= St. Thomas Syro Malabar Church (Boston) =

Church in Framingham, Massachusetts

The Syro-Malabar Church of Boston is a congregation of the Syro-Malabar Catholic Church in Framingham, Massachusetts. Founded in 2004, it is under the jurisdiction of the St. Thomas Syro-Malabar Catholic Diocese of Chicago.

==History==
Syro-Malabar Catholics in the Boston area began to meet informally in the early 1970s as a prayer group known as the Kerala Catholics of New England that gathered for cultural and liturgical activities in the Malayalam language. In 1995, twelve families gathered to discuss the situation of the Syro-Malabar Catholics.

April 11, 2003,Turning point in the history of church: Fr.Tomy Kariyilakulam and Fr.Raju Muringayil co-celebrated the Holy Qurbana at St. Charles Church in Waltham, MA. Fr.Tomy introduced Fr.Jose Kandathikkudy, the vicar of the St. Thomas Syro Malabar Church, Bronx, NY and encouraged the congregation to start having a regular Mass. Mr. Jose Puthanpurackal Sebastian was elected as the president.

August 15, 2003: Monthly service started with the celebration of Ascension of our Mother Mary and the Indian independence day. Fr. Jose Kandathikkudy, the vicar of the St. Thomas Syro Malabar Church, Bronx, NY, was the celebrant. Monthly services continued with the help of Fr. Jose Kandathikkudy and other visiting priests.

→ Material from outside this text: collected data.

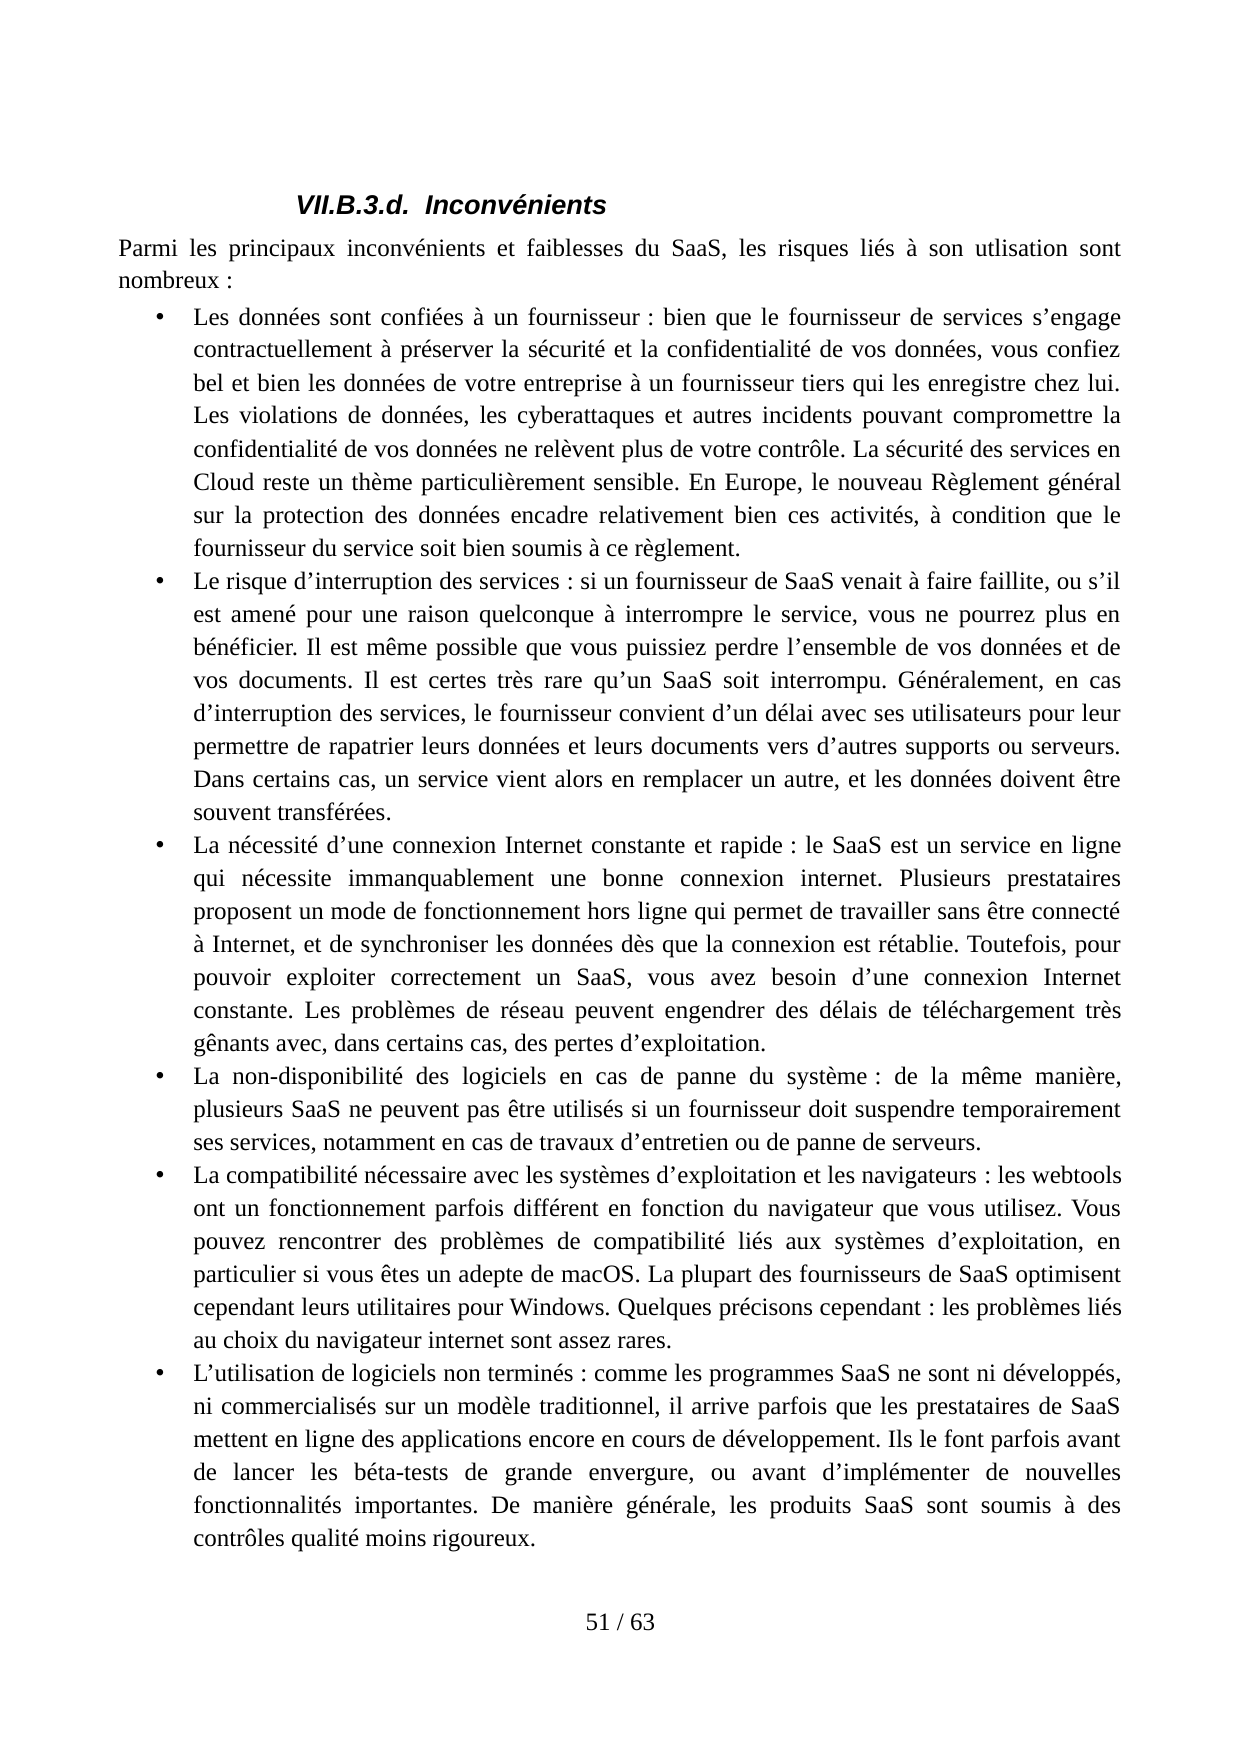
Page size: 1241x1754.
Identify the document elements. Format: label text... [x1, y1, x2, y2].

list Le risque d’interruption des services : si un fournisseur de SaaS venait à faire faillite, ou s’il est amené pour une raison quelconque à interrompre le service, vous ne pourrez plus en bénéficier. Il est même possible que vous puissiez perdre l’ensemble de vos données et de vos documents. Il est certes très rare qu’un SaaS soit interrompu. Généralement, en cas d’interruption des services, le fournisseur convient d’un délai avec ses utilisateurs pour leur permettre de rapatrier leurs données et leurs documents vers d’autres supports ou serveurs. Dans certains cas, un service vient alors en remplacer un autre, et les données doivent être souvent transférées. [156, 566, 1122, 826]
subtitle Inconvénients [118, 189, 1122, 220]
list La compatibilité nécessaire avec les systèmes d’exploitation et les navigateurs : les webtools ont un fonctionnement parfois différent en fonction du navigateur que vous utilisez. Vous pouvez rencontrer des problèmes de compatibilité liés aux systèmes d’exploitation, en particulier si vous êtes un adepte de macOS. La plupart des fournisseurs de SaaS optimisent cependant leurs utilitaires pour Windows. Quelques précisons cependant : les problèmes liés au choix du navigateur internet sont assez rares. [156, 1160, 1122, 1354]
list L’utilisation de logiciels non terminés : comme les programmes SaaS ne sont ni développés, ni commercialisés sur un modèle traditionnel, il arrive parfois que les prestataires de SaaS mettent en ligne des applications encore en cours de développement. Ils le font parfois avant de lancer les béta-tests de grande envergure, ou avant d’implémenter de nouvelles fonctionnalités importantes. De manière générale, les produits SaaS sont soumis à des contrôles qualité moins rigoureux. [156, 1358, 1122, 1552]
text Parmi les principaux inconvénients et faiblesses du SaaS, les risques liés à son utlisation sont nombreux : [118, 233, 1122, 294]
list Les données sont confiées à un fournisseur : bien que le fournisseur de services s’engage contractuellement à préserver la sécurité et la confidentialité de vos données, vous confiez bel et bien les données de votre entreprise à un fournisseur tiers qui les enregistre chez lui. Les violations de données, les cyberattaques et autres incidents pouvant compromettre la confidentialité de vos données ne relèvent plus de votre contrôle. La sécurité des services en Cloud reste un thème particulièrement sensible. En Europe, le nouveau Règlement général sur la protection des données encadre relativement bien ces activités, à condition que le fournisseur du service soit bien soumis à ce règlement. [156, 302, 1122, 561]
list La nécessité d’une connexion Internet constante et rapide : le SaaS est un service en ligne qui nécessite immanquablement une bonne connexion internet. Plusieurs prestataires proposent un mode de fonctionnement hors ligne qui permet de travailler sans être connecté à Internet, et de synchroniser les données dès que la connexion est rétablie. Toutefois, pour pouvoir exploiter correctement un SaaS, vous avez besoin d’une connexion Internet constante. Les problèmes de réseau peuvent engendrer des délais de téléchargement très gênants avec, dans certains cas, des pertes d’exploitation. [156, 830, 1122, 1057]
list La non-disponibilité des logiciels en cas de panne du système : de la même manière, plusieurs SaaS ne peuvent pas être utilisés si un fournisseur doit suspendre temporairement ses services, notamment en cas de travaux d’entretien ou de panne de serveurs. [156, 1061, 1122, 1156]

On June 12, 2004, His Excellency Mar Jacob Angadiath, bishop of the St. Thomas Syro-Malabar Catholic Diocese of Chicago, officially inaugurated the St. Thomas Syro-Malabar Church of Boston at a large gathering of faithful under the guidance of Rev. Fr. Varghese Perappadan. Fr. Pereppadan was appointed director of the mission, which met for services at the Fernald School chapel in Waltham, Massachusetts on a weekly basis. In July 2004, he stepped down as director. On September 18, 2004, Fr. Paul Pudussery was appointed as the second director of the mission.

On January 31, 2005, St. Thomas Syro Malabar Catholic Church of Boston was officially registered as a non-profit organization under the laws of the state of Massachusetts.

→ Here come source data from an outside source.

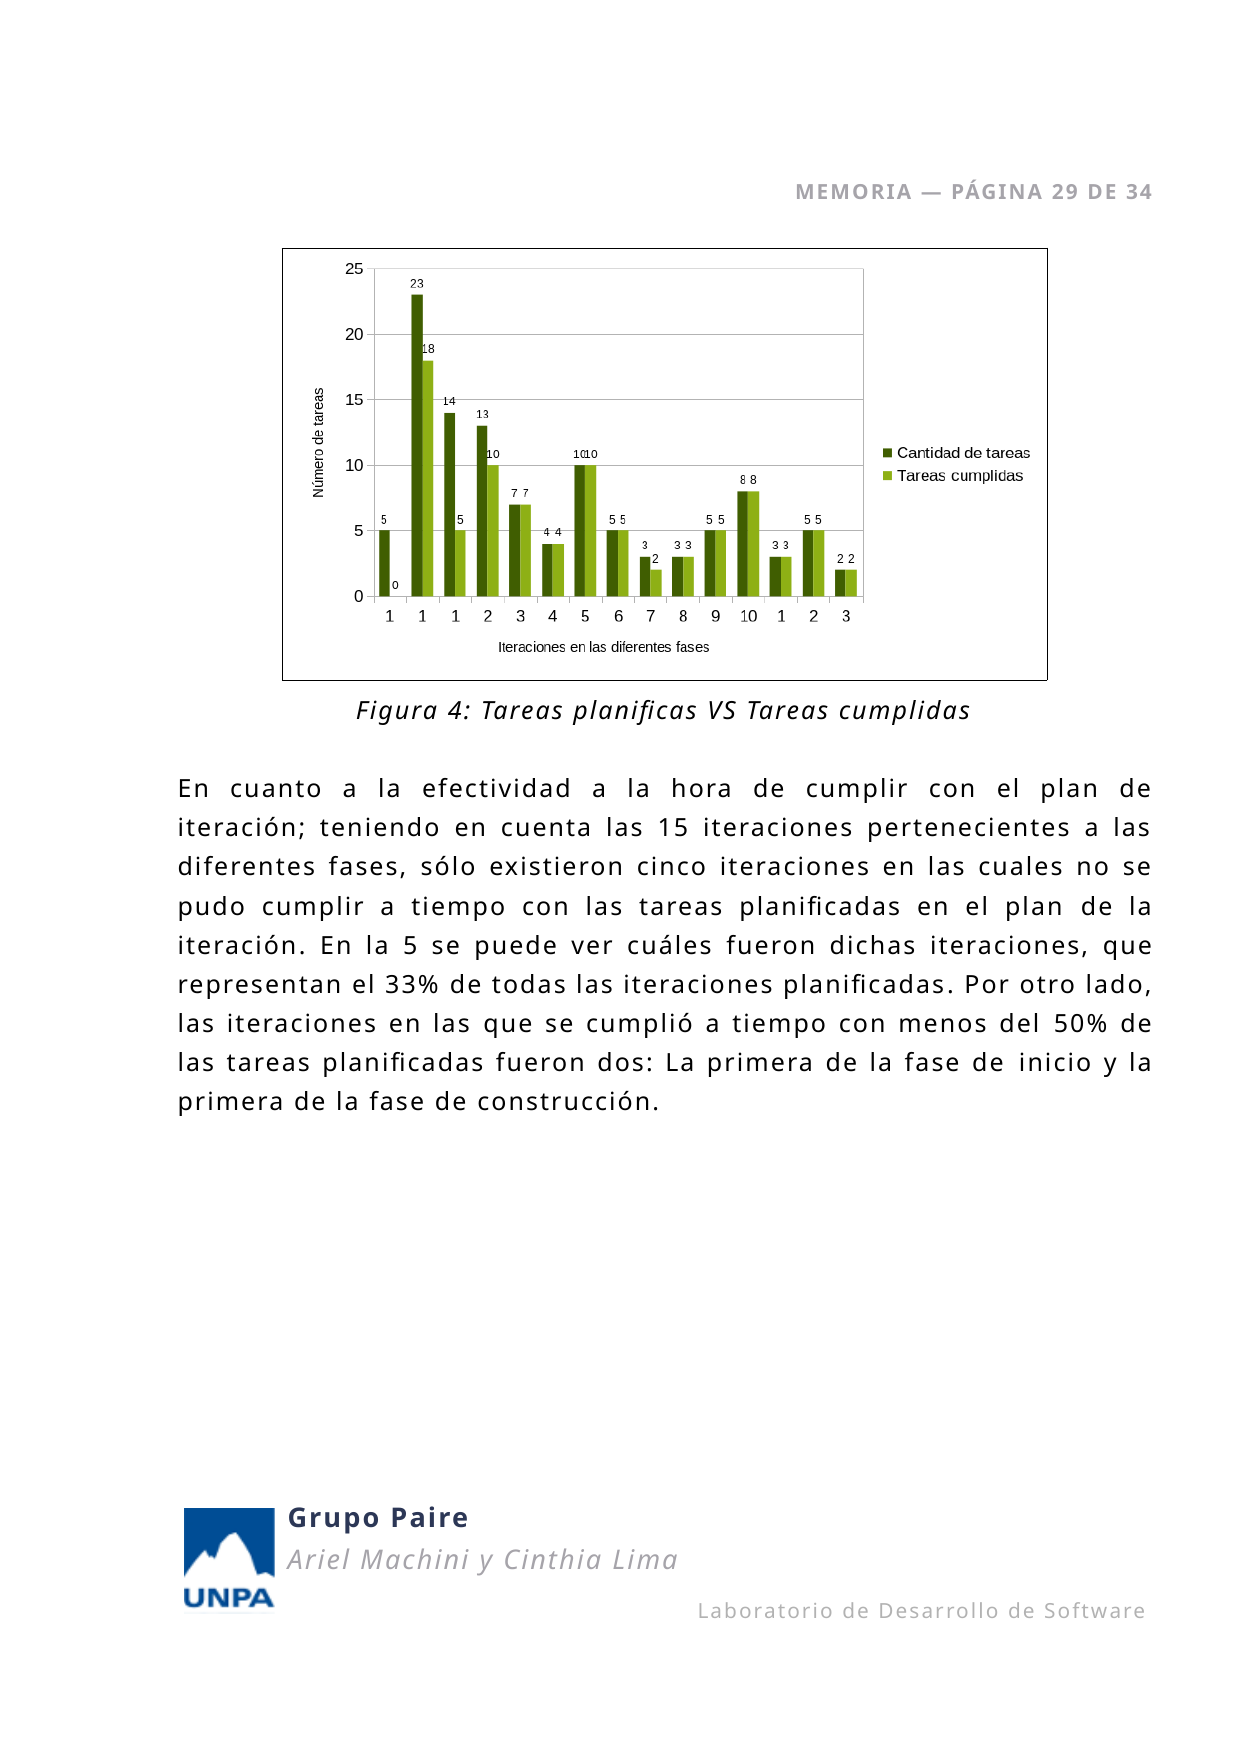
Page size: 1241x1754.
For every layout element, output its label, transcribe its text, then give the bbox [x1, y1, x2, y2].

picture [284, 250, 1045, 677]
picture [184, 1508, 275, 1614]
text [283, 249, 1047, 680]
text En cuanto a la efectividad a la hora de cumplir con el plan de iteración; teniendo en cuenta las 15 iteraciones pertenecientes a las diferentes fases, sólo existieron cinco iteraciones en las cuales no se pudo cumplir a tiempo con las tareas planificadas en el plan de la iteración. En la 5 se puede ver cuáles fueron dichas iteraciones, que representan el 33% de todas las iteraciones planificadas. Por otro lado, las iteraciones en las que se cumplió a tiempo con menos del 50% de las tareas planificadas fueron dos: La primera de la fase de inicio y la primera de la fase de construcción. [177, 771, 1152, 1118]
text Figura 4: Tareas planificas VS Tareas cumplidas [282, 681, 1047, 726]

On March 22, 2006, Rev. Fr. Kuriakose Vadana was appointed by Mar Jacob Angadiath as the mission director.
The treasurer of the church is Mr Biju Thoompil.
The Church holds many cultural activities and is famous for Bible Month a whole month dedicated to bible study directed by Mr Anto Kurian.

In July 2008, the Roman Catholic Archdiocese of Boston offered St. Thomas Syro-Malabar Church the use of a former parish church in Framingham. After the closure of St. Jeremiah Church was announced in 2005, some of its parishioners began an occupation in protest, which they maintained until 2010. The Syro-Malabar Mission took up residence at St. Jeremiah Church in 2008. On October 1, 2011, the Roman Catholic Archdiocese of Boston announced that it had sold St. Jeremiah's Church for $2 million to the Syro Malabar diocese.

In 2011, the mission was promoted to the status of a Parish, and Rev. Fr. Varghese Naikoparambil was appointed by Mar Jacob Angadiath as the mission director.

In 2013, Rev. Fr. Mathew Pothalil, was appointed as parish priest for the church.

In 2015, Rev. Fr Raphael Ambadan became the priest of the parish.

In 2016, Fr. Tony Xavier, was appointed as parish priest for the church.

In 2021, Fr. Stephen Kanippallil MCBS, was appointed as parish priest for the church.

In 2024, Fr. Joby Joseph MCBS, was appointed as parish priest for the church.

In 2025, Rev. Fr. John Melepuram, was appointed as parish priest for the church.

In 2025, Fr. Dijo Thomas Koikkara, was appointed as parish priest for the church.